There’s a growing belief that bitcoin can be an inflation hedge despite its extreme volatility in the past few months. For example, when prices of goods and services go pretty up, bitcoin is supposed to go higher, creating room to protect the wealth of investors. This is because investors are always on the lookout for ways their assets could outgrow the rise of inflation in society, thereby keeping them on top of the financial system game. But the extreme volatility of cryptocurrencies, in general, these days is beginning to cast doubt in the minds of investors, seeing that many countries are currently experiencing a steep rise in inflation. In this article, we will make a case for bitcoin as an inflation hedge.
Inflation and its effects
Surprisingly, most countries are still striving to get out of the pandemic-induced recession the COVID year brought to our economic shores. Though many are still optimistic, believing the hikes in prices are just transitory. Whether transitory or not, the consequences of the inflationary whiplash on the wealth of investors are unthinkable. This further explains why saving without investing will erode the purchasing power of the money you’ve stacked in the bank over time. Plus, Israel seems to be taking the biggest pummeling so far in the world followed closely by Italy.
What makes Bitcoin a unique asset class?
First off, only 21 million bitcoins will continue to be in existence or circulation. Will this be a limitation? Short answer, no. This is because bitcoin can be divided into bits (there are 1,000,000 bits in 1 bitcoin) and traded. And no, nobody can buy all the existing bitcoins because only a fraction of them is in the exchange market. Therefore, even if you’re determined to buy all of them, you’ve got to wait till they are all issued in the next decades.
Furthermore, bitcoin is unique (a ruleless system with no ruler or rules) and is known for maintaining its value over the years despite its extreme volatility.
Why Bitcoin is an Inflation Hedge
There’s a current bearish sentiment toward bitcoin because of its recent fall in value. Added to this is the war in Ukraine, which is taking a toll on economic stability worldwide. With inflation on the rise, investing in cryptocurrency is still considered a risky adventure.
First of all, why bitcoin will be a successful inflation hedge is because of its decentralization and fixed supply of 21 million BTC.
Because bitcoin is decentralized, it is not within the control of anyone or any organization. And this makes it immune to monetary policies or coercion. Remember, plus, there’s nobody to bribe because it has no leader or executive committee.
This unique feature in itself further makes it resistant to any external attack.

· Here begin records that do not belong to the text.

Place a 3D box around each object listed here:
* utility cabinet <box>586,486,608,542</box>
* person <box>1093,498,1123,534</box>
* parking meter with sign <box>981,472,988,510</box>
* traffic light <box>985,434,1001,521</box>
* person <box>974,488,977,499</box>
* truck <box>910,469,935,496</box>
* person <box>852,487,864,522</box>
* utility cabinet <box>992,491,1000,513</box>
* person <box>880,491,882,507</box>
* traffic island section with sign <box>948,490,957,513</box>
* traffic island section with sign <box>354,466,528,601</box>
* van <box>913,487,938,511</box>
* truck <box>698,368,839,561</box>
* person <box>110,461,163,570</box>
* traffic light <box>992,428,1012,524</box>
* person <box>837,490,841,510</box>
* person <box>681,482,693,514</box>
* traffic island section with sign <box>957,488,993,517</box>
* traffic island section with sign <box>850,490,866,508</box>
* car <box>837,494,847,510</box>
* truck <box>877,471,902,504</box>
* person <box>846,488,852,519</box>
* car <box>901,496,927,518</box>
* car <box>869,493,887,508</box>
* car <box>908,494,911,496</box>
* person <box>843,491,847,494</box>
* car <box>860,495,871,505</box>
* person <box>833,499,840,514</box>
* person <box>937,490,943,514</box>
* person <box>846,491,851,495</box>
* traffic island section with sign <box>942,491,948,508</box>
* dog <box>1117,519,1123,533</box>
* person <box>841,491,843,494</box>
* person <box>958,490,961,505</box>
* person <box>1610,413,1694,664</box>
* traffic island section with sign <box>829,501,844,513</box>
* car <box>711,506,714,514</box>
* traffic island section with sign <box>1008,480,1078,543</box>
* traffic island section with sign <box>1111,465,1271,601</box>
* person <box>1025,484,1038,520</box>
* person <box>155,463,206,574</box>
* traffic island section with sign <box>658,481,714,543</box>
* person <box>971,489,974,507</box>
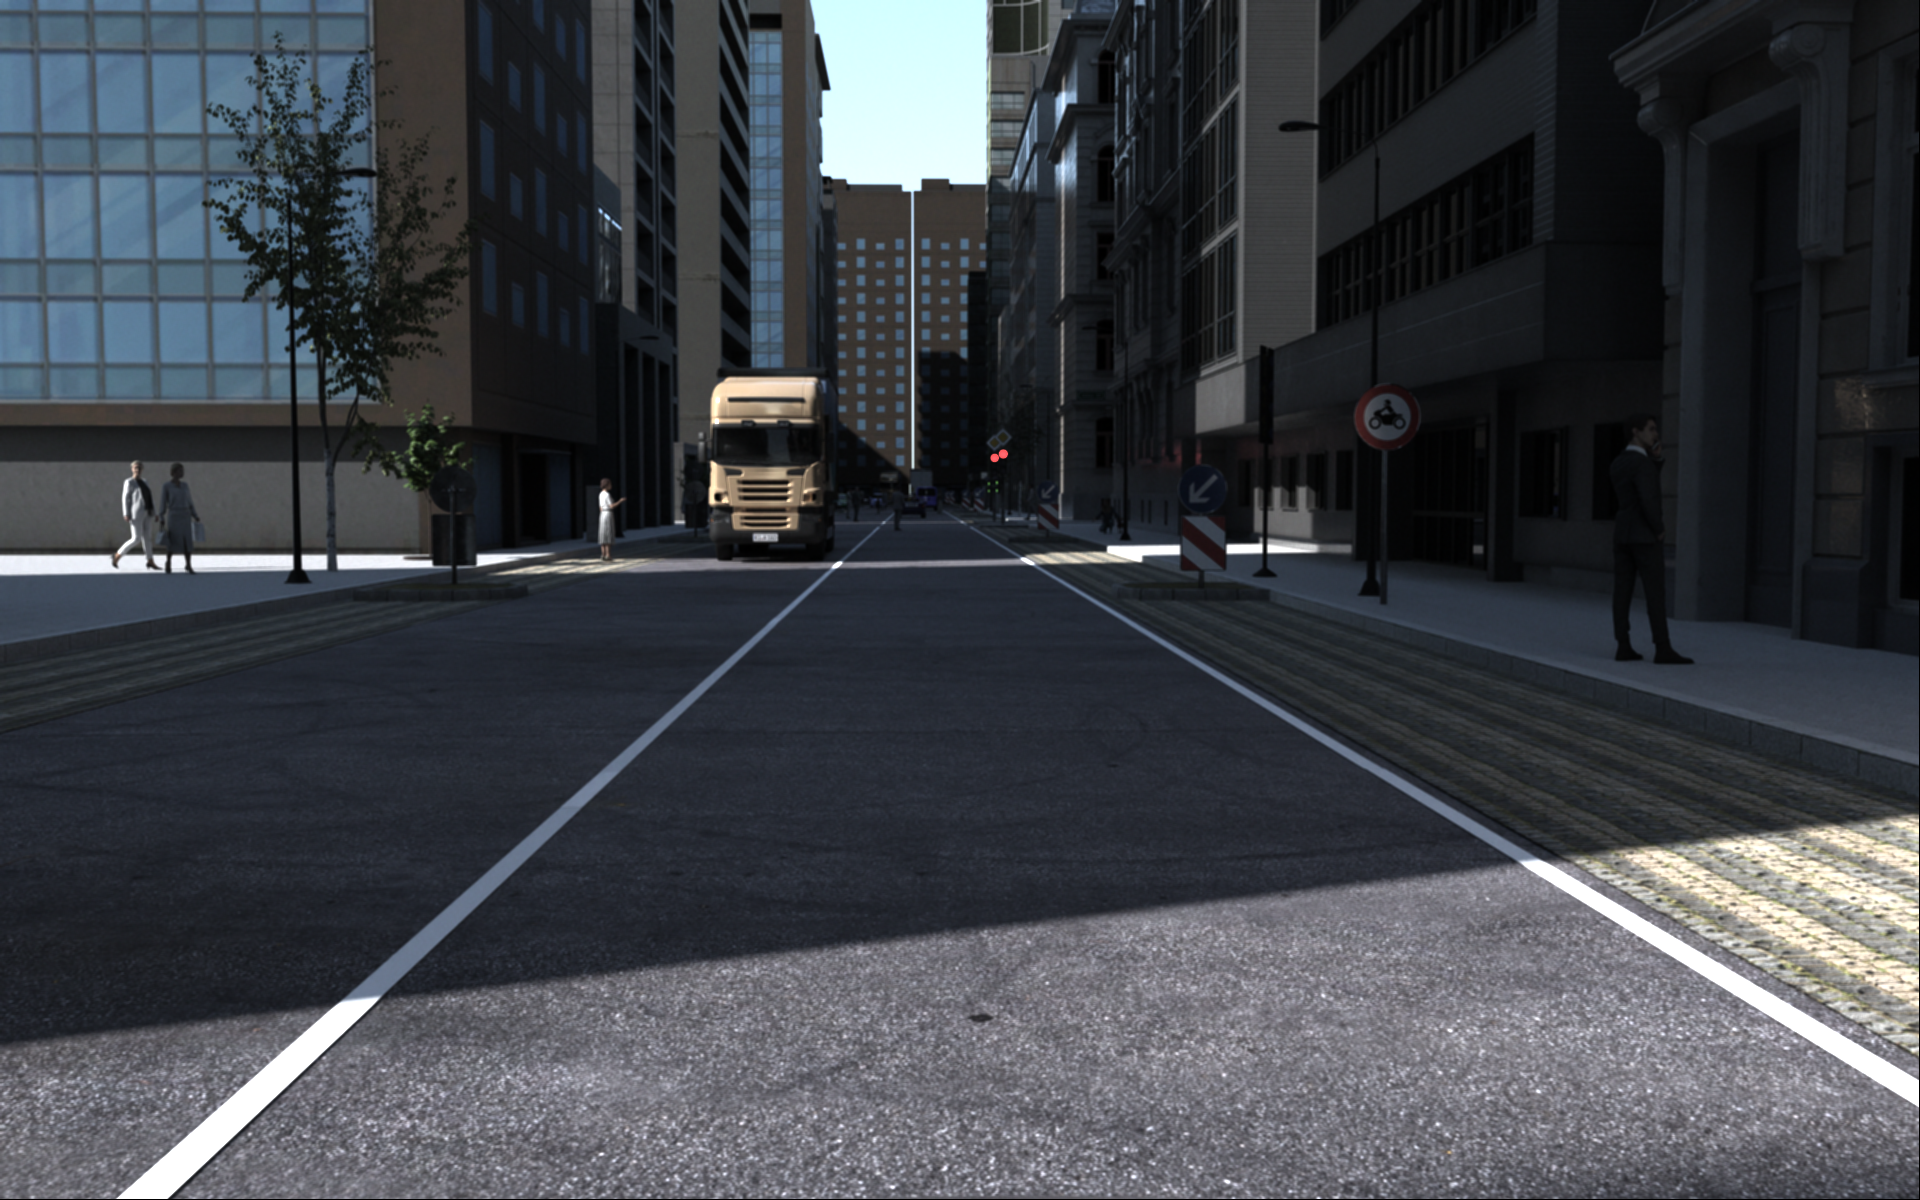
[{"bbox_3d":[-9.717,-2.311,46.464,0.318,1.500,1.173,0,4,3],"label":"utility cabinet"},{"bbox_3d":[4.822,-2.712,55.879,1.012,1.151,0.738,1,4,19],"label":"person"},{"bbox_3d":[1.915,-8.615,137.119,0.543,3.016,1.738,0,4,1],"label":"parking meter with sign"},{"bbox_3d":[1.603,-5.675,81.708,0.839,4.253,0.868,0,4,-1],"label":"traffic light"},{"bbox_3d":[1.529,-9.617,163.290,0.705,1.824,1.348,0,4,-7],"label":"person"},{"bbox_3d":[-4.350,-12.752,197.408,2.839,4.237,11.283,0,4,-1],"label":"truck"},{"bbox_3d":[-5.308,-4.979,90.082,0.590,1.801,0.661,-3,4,-37],"label":"person"},{"bbox_3d":[2.344,-6.401,113.341,0.318,1.500,1.173,-1,4,-9],"label":"utility cabinet"},{"bbox_3d":[-8.587,-11.006,189.134,0.721,1.739,1.217,2,4,27],"label":"person"},{"bbox_3d":[0.319,-7.629,133.360,1.989,1.847,2.006,0,4,-1],"label":"traffic island section with sign"},{"bbox_3d":[-7.084,-0.936,23.924,1.989,1.847,2.006,0,4,-1],"label":"traffic island section with sign"},{"bbox_3d":[-2.878,-8.806,148.365,2.240,2.365,5.245,0,4,-2],"label":"van"},{"bbox_3d":[-4.236,-3.169,40.731,2.839,4.237,11.283,0,4,-2],"label":"truck"},{"bbox_3d":[-13.922,-1.427,29.246,0.818,1.842,0.514,0,4,-5],"label":"person"},{"bbox_3d":[1.809,-5.187,73.725,0.839,4.253,0.868,0,4,-1],"label":"traffic light"},{"bbox_3d":[-11.051,-9.149,158.107,1.348,1.821,0.705,0,4,7],"label":"person"},{"bbox_3d":[-10.204,-3.546,64.763,0.466,1.731,0.760,-1,4,-19],"label":"person"},{"bbox_3d":[1.015,-5.981,106.414,1.989,1.847,2.006,0,4,-1],"label":"traffic island section with sign"},{"bbox_3d":[-11.197,-10.689,183.397,1.989,1.847,2.006,0,4,-1],"label":"traffic island section with sign"},{"bbox_3d":[-10.632,-8.755,151.946,1.959,1.807,4.718,0,4,-3],"label":"car"},{"bbox_3d":[-8.576,-13.730,213.390,2.839,4.237,11.283,0,4,0],"label":"truck"},{"bbox_3d":[-6.399,-5.635,100.813,0.466,1.800,0.511,-1,4,-21],"label":"person"},{"bbox_3d":[-2.932,-5.593,104.020,1.945,1.354,3.894,0,4,-2],"label":"car"},{"bbox_3d":[-8.656,-10.686,184.310,1.945,1.707,3.694,0,4,0],"label":"car"},{"bbox_3d":[-5.712,-12.346,212.076,2.015,1.641,3.980,0,4,0],"label":"car"},{"bbox_3d":[-14.651,-13.152,221.894,1.217,1.723,0.721,1,4,18],"label":"person"},{"bbox_3d":[-12.590,-13.220,228.730,1.945,1.354,3.894,0,4,-1],"label":"car"},{"bbox_3d":[-9.162,-7.234,126.801,0.620,1.820,0.660,3,5,40],"label":"person"},{"bbox_3d":[-1.429,-7.160,126.108,0.362,1.759,0.519,-3,5,-45],"label":"person"},{"bbox_3d":[-14.724,-13.550,227.673,1.348,1.812,0.705,-1,4,-16],"label":"person"},{"bbox_3d":[-0.983,-10.698,183.544,1.989,1.847,2.006,0,4,-1],"label":"traffic island section with sign"},{"bbox_3d":[5.278,-2.442,56.762,0.540,0.507,0.406,3,4,36],"label":"dog"},{"bbox_3d":[-14.694,-12.597,212.813,0.742,1.727,0.445,0,4,2],"label":"person"},{"bbox_3d":[0.009,-12.592,212.740,0.721,1.723,1.217,0,4,-7],"label":"person"},{"bbox_3d":[5.269,-0.482,13.287,0.474,1.900,0.648,-1,4,-13],"label":"person"},{"bbox_3d":[-9.901,-7.613,133.107,1.989,1.847,2.006,0,4,-1],"label":"traffic island section with sign"},{"bbox_3d":[-8.385,-3.407,65.291,1.945,1.707,3.694,0,4,0],"label":"car"},{"bbox_3d":[2.438,-2.604,51.196,1.989,1.847,2.006,0,4,-1],"label":"traffic island section with sign"},{"bbox_3d":[3.141,-0.945,24.073,1.989,1.847,2.006,0,4,-1],"label":"traffic island section with sign"},{"bbox_3d":[3.520,-4.769,84.296,0.850,1.792,0.678,0,4,1],"label":"person"},{"bbox_3d":[-12.563,-1.314,27.875,0.694,1.780,0.624,-3,4,-38],"label":"person"},{"bbox_3d":[-7.790,-2.598,51.104,1.989,1.847,2.006,0,4,-1],"label":"traffic island section with sign"},{"bbox_3d":[1.258,-9.795,166.900,0.721,1.736,1.217,0,4,6],"label":"person"}]

Because bitcoin has a fixed supply, this will create a high demand for it, inadvertently leading to an increased price. How? Let’s explain. First of all, inflation is a result of the skyrocketing cost of goods and services. The resultant effect is the state, or central bank will keep printing currency notes to counter this rise. On the other hand, there can be no excess supply of BTC since it’s fixed (as is the case with money).
In addition, other currencies of the world can be subjected to what is known as “quantitative easing” (policies that make existing assets shed their value). However, there are several crypto pundits and financial analysts who don’t share in this thought, citing the collapse of Terra stablecoin.
History is on Bitcoin’s side
In the past, bitcoin has worked well, more than other inflationary hedges such as gold, stock, and real estate, beating them by no small margin. Statistics reveal that storing bitcoins has proven to be a better measure against inflation except for this insanely bearish year. The bottom line is bitcoin will rise again as it has always done.